Your goal:
Restate the records word for word. Include no pictures.

The data:

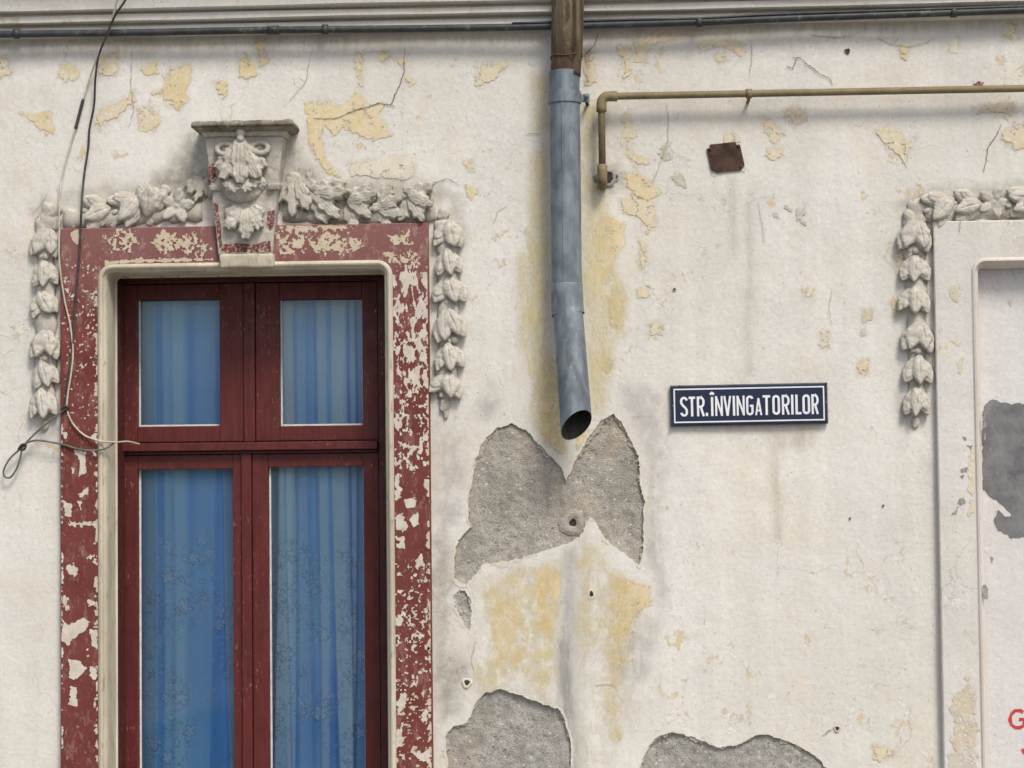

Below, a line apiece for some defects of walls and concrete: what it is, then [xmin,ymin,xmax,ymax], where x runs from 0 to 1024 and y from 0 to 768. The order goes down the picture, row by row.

peeling [95,61,192,132]
crack [313,48,405,120]
peeling [304,51,416,180]
crack [787,32,933,85]
spalling [275,225,364,258]
peeling [592,113,674,328]
spalling [61,228,213,762]
flaking render [383,230,575,768]
flaking render [451,388,649,631]
peeling [951,399,1024,539]
flaking render [639,731,828,768]
peeling [947,676,981,768]
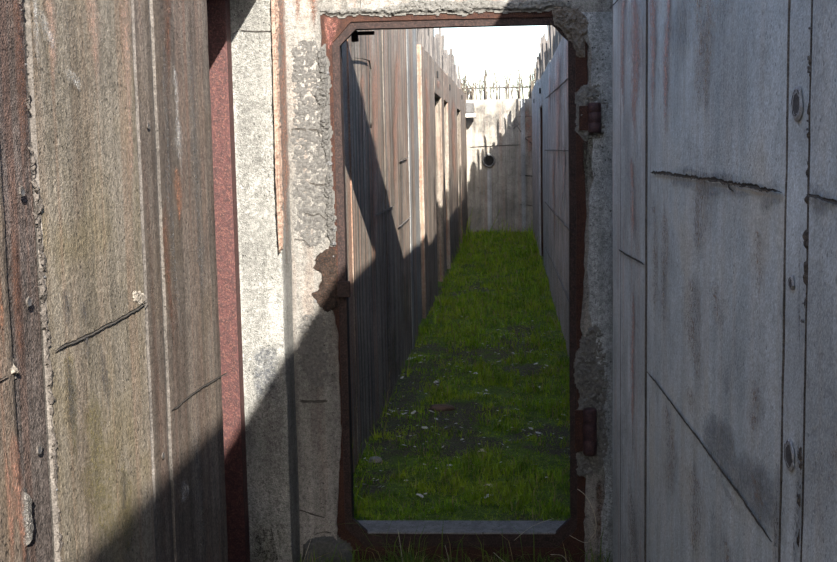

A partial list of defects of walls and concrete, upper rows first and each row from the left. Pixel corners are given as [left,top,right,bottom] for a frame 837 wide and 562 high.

spalling [320,0,589,57]
spalling [311,44,339,312]
crack [650,171,782,193]
crack [806,194,837,204]
spalling [573,324,609,478]
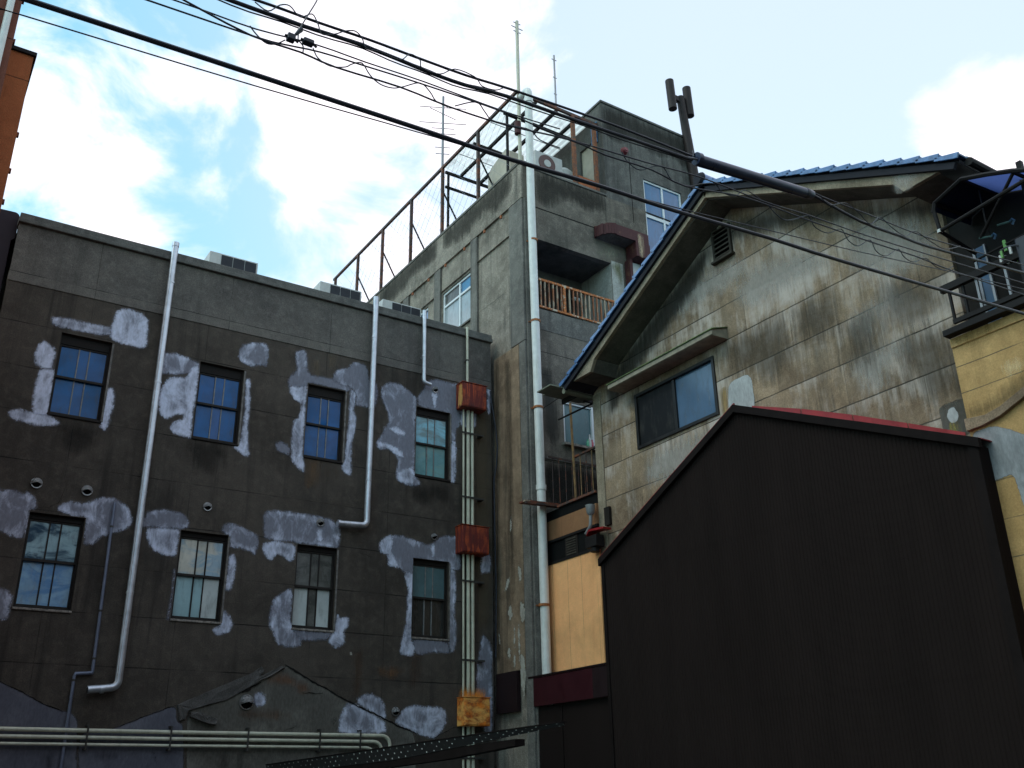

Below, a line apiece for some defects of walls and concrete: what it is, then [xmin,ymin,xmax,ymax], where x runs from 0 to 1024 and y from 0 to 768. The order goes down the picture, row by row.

Answer:
Below, a line apiece for some defects of walls and concrete: what it is, then [xmin,ymin,xmax,ymax], where x runs from 0 to 1024 and y from 0 to 768. The order goes down the picture, row by row.

peeling [95,61,192,132]
crack [313,48,405,120]
peeling [304,51,416,180]
crack [787,32,933,85]
spalling [275,225,364,258]
peeling [592,113,674,328]
spalling [61,228,213,762]
flaking render [383,230,575,768]
flaking render [451,388,649,631]
peeling [951,399,1024,539]
flaking render [639,731,828,768]
peeling [947,676,981,768]

A partial list of defects of walls and concrete, upper rows first and each row from the left. Pixel corners are given as [left,top,right,bottom] for a frame 837 wide and 562 high.

spalling [320,0,589,57]
spalling [311,44,339,312]
crack [650,171,782,193]
crack [806,194,837,204]
spalling [573,324,609,478]

Below, a line apiece for some defects of walls and concrete: what it is, then [xmin,ymin,xmax,ymax], where x runs from 0 to 1024 and y from 0 to 768. The order goes down the picture, row by row.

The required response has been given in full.